## ASSIGNED TASK:
Every line below from the one containing "import types" through the one containing "using System.Collections;" is to be printed exactly, with the pictures omitted.

*** INFORMATION SUPPLIED ***

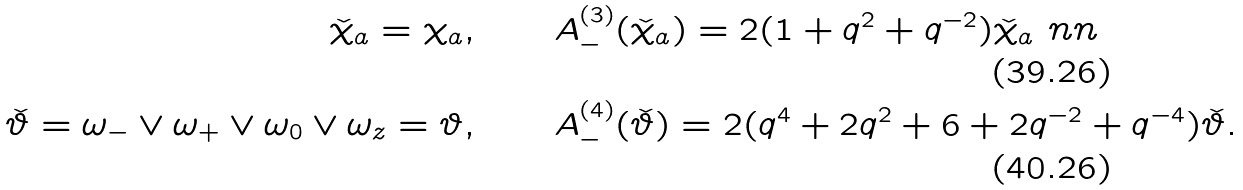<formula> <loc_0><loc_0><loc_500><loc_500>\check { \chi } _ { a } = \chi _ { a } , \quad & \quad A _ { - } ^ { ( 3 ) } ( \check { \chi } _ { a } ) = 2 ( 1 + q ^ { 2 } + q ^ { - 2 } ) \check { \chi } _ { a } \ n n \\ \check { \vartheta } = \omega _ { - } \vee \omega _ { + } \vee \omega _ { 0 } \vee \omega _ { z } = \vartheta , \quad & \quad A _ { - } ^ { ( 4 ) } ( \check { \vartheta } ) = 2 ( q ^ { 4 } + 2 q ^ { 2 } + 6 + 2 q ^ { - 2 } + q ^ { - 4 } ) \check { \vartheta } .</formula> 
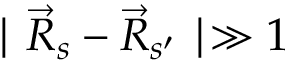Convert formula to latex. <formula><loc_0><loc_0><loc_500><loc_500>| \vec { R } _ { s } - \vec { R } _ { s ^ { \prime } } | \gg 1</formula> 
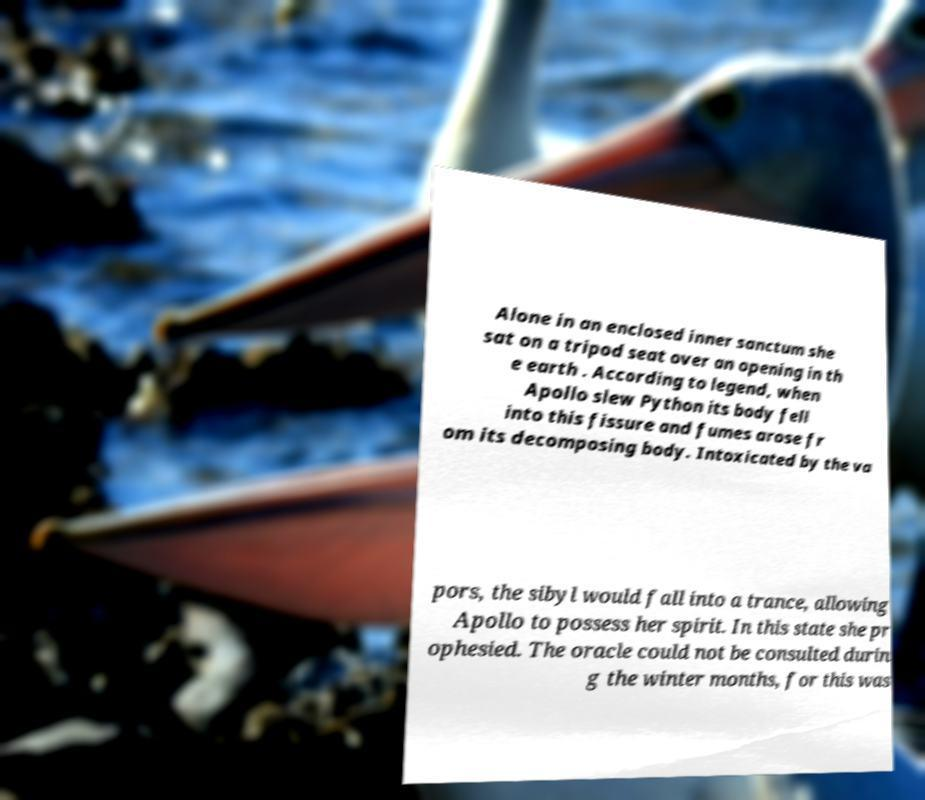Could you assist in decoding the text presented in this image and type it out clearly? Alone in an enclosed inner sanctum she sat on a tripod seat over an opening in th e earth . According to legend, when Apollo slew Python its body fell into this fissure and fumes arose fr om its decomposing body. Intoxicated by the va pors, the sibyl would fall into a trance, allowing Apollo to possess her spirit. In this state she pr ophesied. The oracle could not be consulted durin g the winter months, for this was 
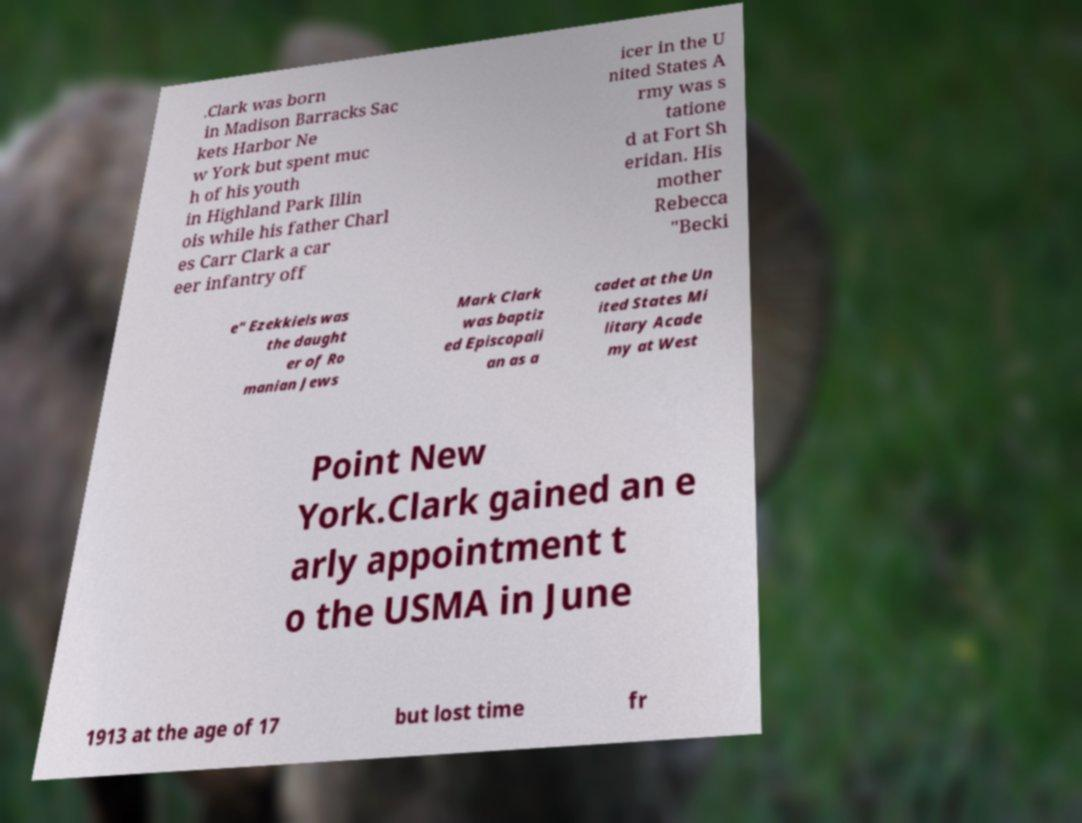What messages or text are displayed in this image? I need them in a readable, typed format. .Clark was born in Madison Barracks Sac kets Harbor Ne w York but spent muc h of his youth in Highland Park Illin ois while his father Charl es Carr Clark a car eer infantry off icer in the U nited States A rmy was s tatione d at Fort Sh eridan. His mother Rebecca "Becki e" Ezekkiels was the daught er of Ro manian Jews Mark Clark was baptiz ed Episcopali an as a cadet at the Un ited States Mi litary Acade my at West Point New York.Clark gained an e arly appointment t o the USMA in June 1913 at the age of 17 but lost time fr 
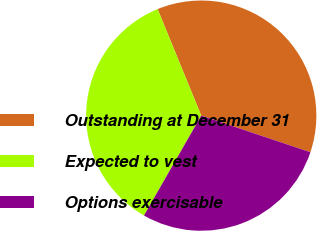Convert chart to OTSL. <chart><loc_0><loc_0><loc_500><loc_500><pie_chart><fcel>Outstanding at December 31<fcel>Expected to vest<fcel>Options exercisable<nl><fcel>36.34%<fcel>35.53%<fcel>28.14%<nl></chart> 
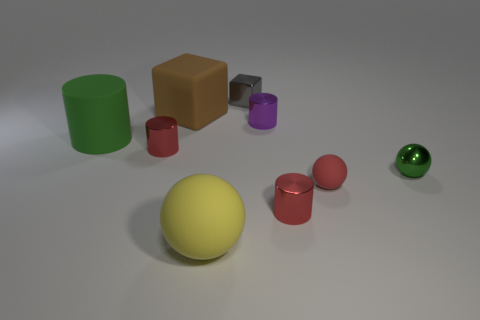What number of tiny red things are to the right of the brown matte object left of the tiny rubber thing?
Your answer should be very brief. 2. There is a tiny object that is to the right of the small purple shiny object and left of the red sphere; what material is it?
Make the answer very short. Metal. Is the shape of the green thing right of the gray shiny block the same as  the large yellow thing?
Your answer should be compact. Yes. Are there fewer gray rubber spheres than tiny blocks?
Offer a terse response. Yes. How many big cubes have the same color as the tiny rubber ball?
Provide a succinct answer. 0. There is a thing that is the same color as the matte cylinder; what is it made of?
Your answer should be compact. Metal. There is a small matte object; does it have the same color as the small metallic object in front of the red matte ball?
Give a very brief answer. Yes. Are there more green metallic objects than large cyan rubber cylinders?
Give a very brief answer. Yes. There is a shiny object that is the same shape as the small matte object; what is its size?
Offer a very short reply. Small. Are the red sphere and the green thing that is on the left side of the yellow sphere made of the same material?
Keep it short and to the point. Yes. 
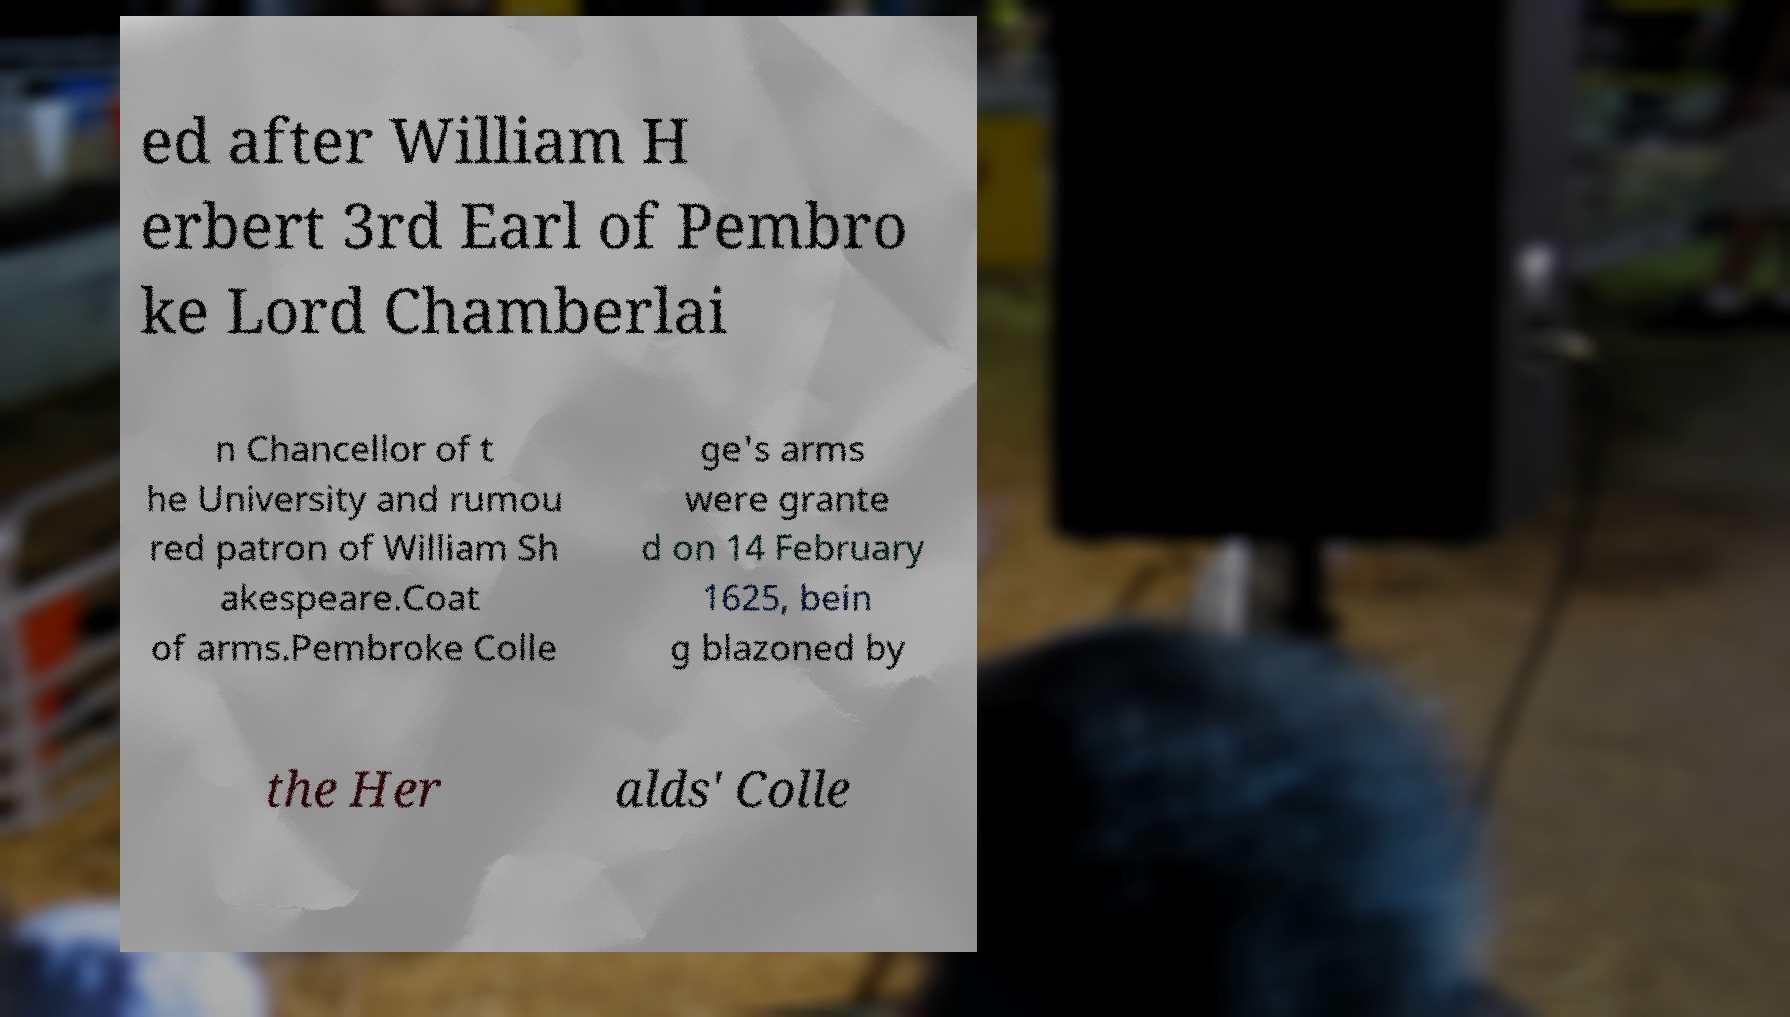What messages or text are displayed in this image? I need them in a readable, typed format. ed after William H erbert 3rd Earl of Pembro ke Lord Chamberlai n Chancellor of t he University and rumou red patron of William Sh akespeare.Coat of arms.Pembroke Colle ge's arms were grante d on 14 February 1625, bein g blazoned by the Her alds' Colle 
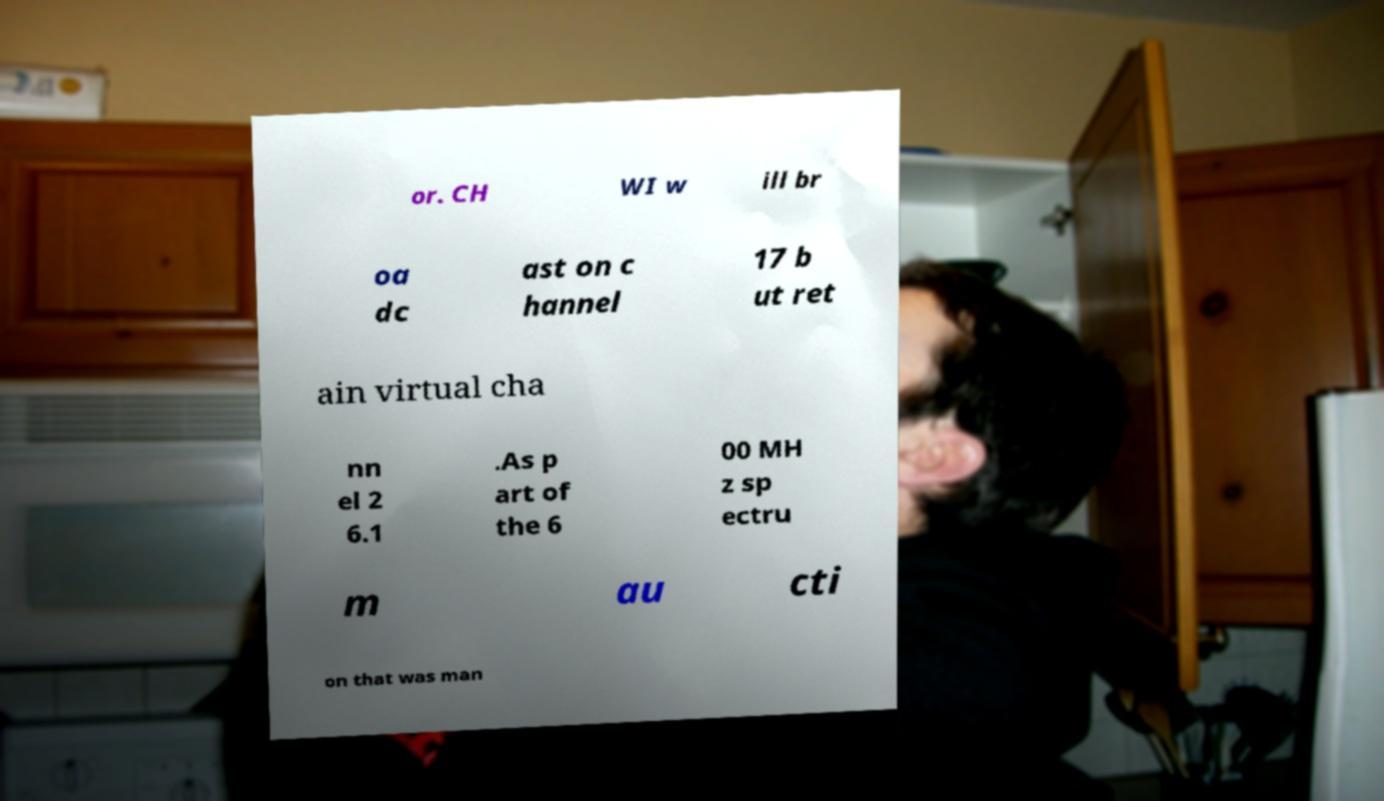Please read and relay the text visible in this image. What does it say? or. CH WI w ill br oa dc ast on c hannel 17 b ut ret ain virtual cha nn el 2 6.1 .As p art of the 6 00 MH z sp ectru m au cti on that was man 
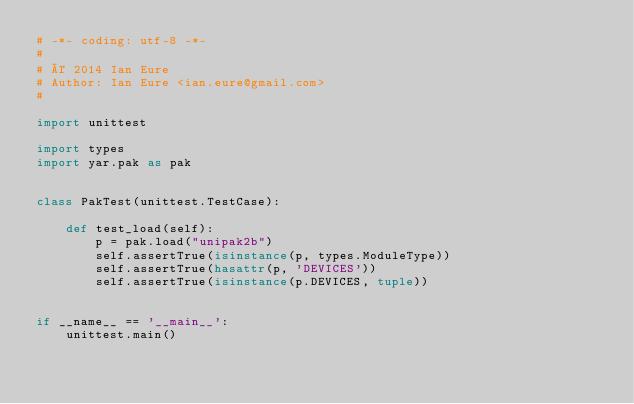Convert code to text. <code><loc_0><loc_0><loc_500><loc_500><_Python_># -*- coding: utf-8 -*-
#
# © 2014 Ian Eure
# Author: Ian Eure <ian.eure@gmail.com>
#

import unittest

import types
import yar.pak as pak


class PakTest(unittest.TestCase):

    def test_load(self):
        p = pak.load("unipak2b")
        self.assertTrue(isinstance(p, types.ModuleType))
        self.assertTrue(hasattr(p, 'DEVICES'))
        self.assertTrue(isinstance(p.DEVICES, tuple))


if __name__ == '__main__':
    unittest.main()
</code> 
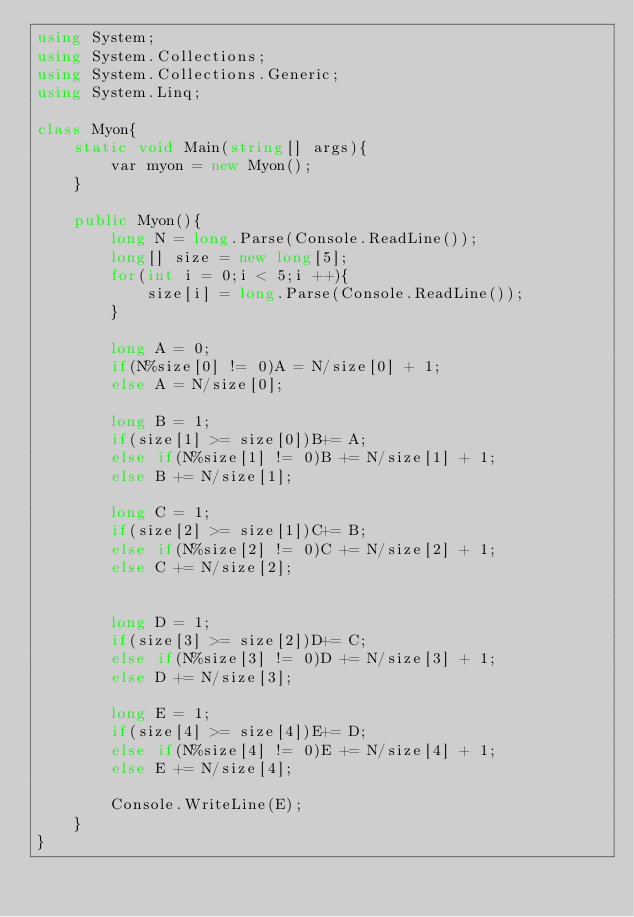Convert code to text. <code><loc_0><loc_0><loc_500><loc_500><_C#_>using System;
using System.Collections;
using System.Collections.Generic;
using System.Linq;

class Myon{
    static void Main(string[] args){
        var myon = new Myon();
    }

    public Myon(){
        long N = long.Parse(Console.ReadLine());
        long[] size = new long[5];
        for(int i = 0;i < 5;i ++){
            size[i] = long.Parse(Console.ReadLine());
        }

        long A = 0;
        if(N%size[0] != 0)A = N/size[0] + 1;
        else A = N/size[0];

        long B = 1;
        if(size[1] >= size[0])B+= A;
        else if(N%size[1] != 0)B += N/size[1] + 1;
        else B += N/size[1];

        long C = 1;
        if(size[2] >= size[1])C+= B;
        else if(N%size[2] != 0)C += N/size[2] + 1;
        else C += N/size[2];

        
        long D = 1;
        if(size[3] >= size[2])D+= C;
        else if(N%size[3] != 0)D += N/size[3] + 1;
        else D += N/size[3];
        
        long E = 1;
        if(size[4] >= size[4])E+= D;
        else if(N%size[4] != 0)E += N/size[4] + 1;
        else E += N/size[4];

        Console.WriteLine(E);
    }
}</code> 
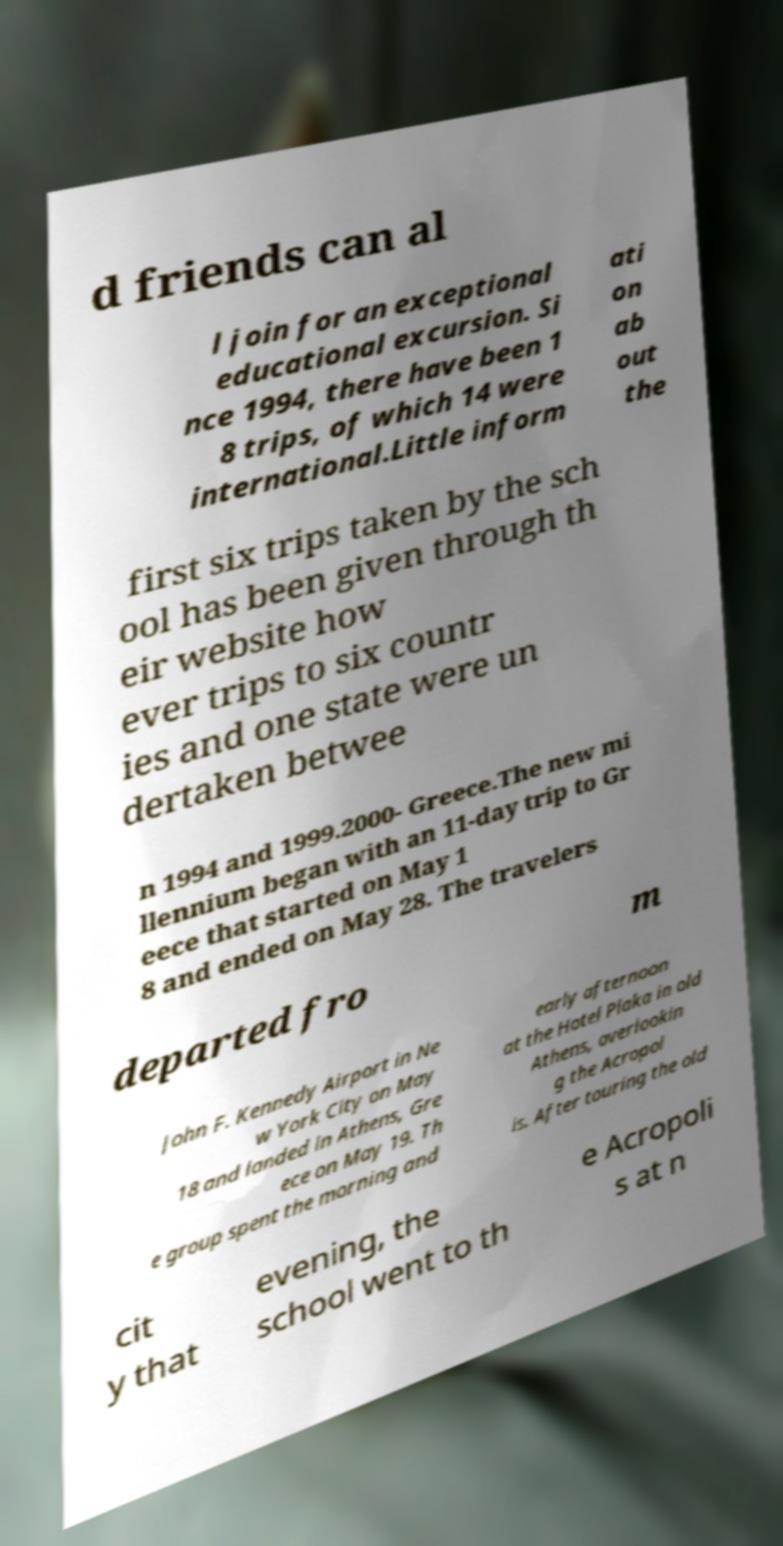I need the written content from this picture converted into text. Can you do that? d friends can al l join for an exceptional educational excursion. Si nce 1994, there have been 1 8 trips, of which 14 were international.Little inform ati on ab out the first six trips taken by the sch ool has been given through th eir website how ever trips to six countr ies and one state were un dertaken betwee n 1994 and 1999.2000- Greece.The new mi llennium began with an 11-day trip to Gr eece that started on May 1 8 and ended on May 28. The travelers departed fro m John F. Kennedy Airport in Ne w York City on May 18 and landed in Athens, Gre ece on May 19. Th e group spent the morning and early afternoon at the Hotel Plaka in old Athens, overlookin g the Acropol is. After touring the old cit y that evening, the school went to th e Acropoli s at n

*** End of INFORMATION SUPPLIED ***

## ANSWER FOR THE TASK:
import types
import yar.pak as pak


class PakTest(unittest.TestCase):

    def test_load(self):
        p = pak.load("unipak2b")
        self.assertTrue(isinstance(p, types.ModuleType))
        self.assertTrue(hasattr(p, 'DEVICES'))
        self.assertTrue(isinstance(p.DEVICES, tuple))


if __name__ == '__main__':
    unittest.main()
</code> 
Convert code to text. <code><loc_0><loc_0><loc_500><loc_500><_C#_>using System;
using System.Collections;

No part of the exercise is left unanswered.